WHAT YOU HAVE TO DO :: In the material below, find the line containing "- cardboard box at [1634, 790, 1821, 905]" and the line containing "roll pitch yaw", then reproduce exactly both of them and every line between, and nothing else.

DATA FOR THIS EXERCISE ::
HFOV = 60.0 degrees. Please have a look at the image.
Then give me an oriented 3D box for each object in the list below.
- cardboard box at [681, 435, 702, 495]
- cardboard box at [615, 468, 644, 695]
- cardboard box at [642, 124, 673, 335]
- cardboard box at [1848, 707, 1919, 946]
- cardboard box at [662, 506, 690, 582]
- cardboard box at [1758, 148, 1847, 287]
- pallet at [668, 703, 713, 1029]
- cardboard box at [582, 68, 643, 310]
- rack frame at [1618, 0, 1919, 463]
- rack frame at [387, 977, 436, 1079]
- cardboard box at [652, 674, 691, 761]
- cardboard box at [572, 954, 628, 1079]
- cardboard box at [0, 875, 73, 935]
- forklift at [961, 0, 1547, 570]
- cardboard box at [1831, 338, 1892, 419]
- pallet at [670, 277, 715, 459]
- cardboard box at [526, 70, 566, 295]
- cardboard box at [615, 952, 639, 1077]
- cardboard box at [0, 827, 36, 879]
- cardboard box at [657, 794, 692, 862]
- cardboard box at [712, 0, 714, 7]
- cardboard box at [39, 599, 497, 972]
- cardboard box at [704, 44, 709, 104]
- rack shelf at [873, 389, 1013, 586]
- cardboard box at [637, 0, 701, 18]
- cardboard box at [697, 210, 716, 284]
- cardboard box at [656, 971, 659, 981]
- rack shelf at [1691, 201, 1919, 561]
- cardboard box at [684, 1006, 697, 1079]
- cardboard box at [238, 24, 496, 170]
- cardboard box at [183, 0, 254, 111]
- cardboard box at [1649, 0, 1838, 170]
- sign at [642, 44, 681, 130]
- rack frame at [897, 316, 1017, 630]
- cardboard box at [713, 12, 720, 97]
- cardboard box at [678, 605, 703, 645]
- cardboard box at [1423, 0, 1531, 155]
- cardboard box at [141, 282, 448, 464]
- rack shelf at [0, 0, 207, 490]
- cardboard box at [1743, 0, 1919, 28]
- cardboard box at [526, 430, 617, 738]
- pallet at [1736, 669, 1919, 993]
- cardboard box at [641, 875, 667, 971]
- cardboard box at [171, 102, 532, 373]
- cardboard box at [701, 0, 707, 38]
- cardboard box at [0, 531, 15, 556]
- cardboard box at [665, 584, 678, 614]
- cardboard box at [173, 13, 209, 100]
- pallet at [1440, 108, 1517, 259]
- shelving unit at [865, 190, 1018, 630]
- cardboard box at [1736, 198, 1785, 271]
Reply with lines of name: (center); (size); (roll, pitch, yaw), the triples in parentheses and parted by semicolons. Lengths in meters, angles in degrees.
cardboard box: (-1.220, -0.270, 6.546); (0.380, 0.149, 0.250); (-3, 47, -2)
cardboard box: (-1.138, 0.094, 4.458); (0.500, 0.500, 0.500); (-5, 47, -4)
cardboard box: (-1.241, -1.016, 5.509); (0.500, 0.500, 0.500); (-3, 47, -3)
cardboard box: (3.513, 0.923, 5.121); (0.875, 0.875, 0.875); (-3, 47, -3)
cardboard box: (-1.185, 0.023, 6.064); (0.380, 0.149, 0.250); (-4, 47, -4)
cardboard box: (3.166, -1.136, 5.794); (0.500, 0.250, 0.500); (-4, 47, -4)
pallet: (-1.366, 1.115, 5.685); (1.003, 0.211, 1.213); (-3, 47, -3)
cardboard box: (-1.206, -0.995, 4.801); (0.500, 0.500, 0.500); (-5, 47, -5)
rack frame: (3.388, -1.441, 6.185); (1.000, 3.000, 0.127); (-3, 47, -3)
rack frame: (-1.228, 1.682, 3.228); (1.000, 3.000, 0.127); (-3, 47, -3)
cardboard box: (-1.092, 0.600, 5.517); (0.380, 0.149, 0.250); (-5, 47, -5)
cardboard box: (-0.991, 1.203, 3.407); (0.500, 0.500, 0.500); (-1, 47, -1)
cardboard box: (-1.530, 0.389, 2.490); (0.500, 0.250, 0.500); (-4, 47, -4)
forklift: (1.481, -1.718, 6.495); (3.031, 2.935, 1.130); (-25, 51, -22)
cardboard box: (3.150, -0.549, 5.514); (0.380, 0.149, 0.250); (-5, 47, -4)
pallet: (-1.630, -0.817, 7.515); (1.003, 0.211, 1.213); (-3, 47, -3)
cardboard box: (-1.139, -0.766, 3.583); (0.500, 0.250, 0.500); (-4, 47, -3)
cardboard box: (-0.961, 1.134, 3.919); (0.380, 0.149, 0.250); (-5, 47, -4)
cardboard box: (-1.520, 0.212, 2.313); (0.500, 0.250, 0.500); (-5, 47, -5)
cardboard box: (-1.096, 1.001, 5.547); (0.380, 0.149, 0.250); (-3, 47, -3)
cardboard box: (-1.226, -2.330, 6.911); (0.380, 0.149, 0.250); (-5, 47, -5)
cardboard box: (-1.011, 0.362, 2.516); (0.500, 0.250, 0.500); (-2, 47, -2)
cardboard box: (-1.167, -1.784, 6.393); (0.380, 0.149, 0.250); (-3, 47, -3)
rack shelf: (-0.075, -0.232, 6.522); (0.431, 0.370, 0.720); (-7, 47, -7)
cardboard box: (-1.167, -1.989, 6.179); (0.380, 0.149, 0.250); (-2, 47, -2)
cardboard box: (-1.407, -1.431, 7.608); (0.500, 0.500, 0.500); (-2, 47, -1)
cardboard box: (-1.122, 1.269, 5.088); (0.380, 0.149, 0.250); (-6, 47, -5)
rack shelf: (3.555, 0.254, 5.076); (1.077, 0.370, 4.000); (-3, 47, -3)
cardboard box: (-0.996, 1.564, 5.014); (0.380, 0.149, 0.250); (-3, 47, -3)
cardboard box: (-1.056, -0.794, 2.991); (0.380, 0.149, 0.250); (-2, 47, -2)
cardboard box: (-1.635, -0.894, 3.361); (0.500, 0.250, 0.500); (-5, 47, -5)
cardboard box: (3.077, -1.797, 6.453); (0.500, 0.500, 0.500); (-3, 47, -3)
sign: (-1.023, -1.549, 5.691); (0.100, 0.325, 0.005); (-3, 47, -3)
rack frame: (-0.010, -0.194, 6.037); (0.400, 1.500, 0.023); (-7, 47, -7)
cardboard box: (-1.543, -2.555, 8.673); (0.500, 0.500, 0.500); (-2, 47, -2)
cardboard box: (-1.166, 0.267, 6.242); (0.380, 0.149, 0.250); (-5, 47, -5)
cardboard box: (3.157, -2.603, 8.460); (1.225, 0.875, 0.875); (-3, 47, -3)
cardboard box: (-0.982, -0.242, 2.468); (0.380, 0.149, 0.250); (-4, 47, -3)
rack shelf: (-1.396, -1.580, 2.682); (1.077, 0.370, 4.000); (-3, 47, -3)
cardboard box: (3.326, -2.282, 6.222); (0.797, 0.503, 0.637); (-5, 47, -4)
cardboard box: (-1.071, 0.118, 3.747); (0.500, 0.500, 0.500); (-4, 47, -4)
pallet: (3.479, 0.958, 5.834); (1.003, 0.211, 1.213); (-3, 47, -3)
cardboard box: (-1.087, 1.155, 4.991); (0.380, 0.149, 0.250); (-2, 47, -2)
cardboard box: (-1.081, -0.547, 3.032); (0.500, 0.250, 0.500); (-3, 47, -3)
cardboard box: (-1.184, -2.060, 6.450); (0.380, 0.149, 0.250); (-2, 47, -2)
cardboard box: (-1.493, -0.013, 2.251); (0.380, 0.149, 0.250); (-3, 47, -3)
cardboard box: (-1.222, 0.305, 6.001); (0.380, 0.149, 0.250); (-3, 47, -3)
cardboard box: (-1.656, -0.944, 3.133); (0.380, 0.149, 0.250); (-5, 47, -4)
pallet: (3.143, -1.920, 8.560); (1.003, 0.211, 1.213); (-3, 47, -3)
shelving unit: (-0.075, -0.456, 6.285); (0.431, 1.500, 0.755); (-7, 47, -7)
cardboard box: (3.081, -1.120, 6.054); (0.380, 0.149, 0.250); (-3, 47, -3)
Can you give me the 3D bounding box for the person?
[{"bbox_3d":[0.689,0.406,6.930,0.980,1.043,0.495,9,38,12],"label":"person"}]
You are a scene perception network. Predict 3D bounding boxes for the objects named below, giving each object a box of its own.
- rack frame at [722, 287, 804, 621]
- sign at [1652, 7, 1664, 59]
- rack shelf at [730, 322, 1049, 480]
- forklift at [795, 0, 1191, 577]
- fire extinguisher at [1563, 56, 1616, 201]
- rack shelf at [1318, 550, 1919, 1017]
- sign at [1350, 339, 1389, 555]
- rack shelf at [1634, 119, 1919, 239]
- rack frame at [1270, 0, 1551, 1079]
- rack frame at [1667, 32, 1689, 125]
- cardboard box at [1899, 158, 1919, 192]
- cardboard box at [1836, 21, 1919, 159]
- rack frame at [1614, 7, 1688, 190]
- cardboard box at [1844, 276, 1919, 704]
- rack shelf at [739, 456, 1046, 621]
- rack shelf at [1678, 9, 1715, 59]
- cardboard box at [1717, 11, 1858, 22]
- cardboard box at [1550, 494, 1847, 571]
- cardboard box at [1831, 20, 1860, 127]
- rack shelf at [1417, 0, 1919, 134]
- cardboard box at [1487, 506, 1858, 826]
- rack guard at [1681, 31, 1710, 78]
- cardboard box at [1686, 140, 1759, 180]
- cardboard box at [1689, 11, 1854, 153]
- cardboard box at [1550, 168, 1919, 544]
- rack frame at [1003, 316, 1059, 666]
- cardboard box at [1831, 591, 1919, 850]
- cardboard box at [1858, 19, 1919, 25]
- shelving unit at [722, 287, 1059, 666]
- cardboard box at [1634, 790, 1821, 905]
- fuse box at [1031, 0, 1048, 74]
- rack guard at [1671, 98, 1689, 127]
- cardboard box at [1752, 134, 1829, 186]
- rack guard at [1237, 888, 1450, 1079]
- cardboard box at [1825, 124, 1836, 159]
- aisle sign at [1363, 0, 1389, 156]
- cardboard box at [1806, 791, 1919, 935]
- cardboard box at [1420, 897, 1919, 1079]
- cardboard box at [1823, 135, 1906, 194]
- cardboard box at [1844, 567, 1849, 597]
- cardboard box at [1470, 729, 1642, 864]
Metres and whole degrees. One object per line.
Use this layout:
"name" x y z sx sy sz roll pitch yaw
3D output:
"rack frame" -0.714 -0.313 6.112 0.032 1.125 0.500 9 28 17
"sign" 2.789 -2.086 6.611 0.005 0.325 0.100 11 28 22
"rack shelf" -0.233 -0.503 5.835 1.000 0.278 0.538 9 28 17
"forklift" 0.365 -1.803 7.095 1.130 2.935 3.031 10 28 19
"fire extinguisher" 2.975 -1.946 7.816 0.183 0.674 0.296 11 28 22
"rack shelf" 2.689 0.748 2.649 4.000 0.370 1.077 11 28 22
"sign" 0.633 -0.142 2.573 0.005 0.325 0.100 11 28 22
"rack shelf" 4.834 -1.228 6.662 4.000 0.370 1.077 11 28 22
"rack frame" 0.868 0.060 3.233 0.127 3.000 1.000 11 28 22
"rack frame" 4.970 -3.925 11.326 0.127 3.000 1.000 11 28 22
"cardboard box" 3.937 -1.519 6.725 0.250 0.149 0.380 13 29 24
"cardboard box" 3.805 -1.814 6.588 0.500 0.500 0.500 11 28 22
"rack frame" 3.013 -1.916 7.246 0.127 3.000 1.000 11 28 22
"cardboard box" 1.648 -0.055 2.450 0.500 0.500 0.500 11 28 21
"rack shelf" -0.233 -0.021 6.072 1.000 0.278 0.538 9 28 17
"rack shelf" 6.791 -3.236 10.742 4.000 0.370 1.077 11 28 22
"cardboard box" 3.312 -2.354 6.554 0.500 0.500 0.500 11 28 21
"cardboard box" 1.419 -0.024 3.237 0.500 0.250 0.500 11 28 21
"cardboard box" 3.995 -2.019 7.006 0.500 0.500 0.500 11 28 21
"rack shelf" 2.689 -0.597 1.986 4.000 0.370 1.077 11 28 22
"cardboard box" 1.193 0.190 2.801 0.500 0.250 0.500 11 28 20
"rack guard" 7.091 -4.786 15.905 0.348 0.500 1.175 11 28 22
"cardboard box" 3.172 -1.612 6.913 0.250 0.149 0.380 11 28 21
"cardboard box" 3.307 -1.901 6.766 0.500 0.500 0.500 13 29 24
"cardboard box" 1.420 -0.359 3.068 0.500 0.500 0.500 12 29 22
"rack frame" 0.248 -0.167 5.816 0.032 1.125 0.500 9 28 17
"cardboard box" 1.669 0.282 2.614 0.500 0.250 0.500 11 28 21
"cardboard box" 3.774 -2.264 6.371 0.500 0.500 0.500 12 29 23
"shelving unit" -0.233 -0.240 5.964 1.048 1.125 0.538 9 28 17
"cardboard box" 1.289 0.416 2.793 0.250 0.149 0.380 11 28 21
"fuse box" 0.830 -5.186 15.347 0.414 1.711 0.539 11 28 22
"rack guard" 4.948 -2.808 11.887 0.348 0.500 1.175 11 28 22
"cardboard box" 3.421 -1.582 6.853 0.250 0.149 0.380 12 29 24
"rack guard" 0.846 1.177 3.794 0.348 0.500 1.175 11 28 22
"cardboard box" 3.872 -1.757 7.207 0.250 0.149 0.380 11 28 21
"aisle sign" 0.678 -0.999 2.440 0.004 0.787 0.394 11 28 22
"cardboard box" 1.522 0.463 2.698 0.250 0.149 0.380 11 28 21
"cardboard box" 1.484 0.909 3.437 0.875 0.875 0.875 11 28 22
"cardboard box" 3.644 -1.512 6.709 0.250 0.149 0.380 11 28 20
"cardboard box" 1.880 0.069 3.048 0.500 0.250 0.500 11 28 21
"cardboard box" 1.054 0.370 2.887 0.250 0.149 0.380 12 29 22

RESPONSE TO THIS EXERCISE ::
- cardboard box at [1634, 790, 1821, 905]
- fuse box at [1031, 0, 1048, 74]
- rack guard at [1671, 98, 1689, 127]
- cardboard box at [1752, 134, 1829, 186]
- rack guard at [1237, 888, 1450, 1079]
- cardboard box at [1825, 124, 1836, 159]
- aisle sign at [1363, 0, 1389, 156]
- cardboard box at [1806, 791, 1919, 935]
- cardboard box at [1420, 897, 1919, 1079]
- cardboard box at [1823, 135, 1906, 194]
- cardboard box at [1844, 567, 1849, 597]
- cardboard box at [1470, 729, 1642, 864]
Metres and whole degrees. One object per line.
Use this layout:
"name" x y z sx sy sz roll pitch yaw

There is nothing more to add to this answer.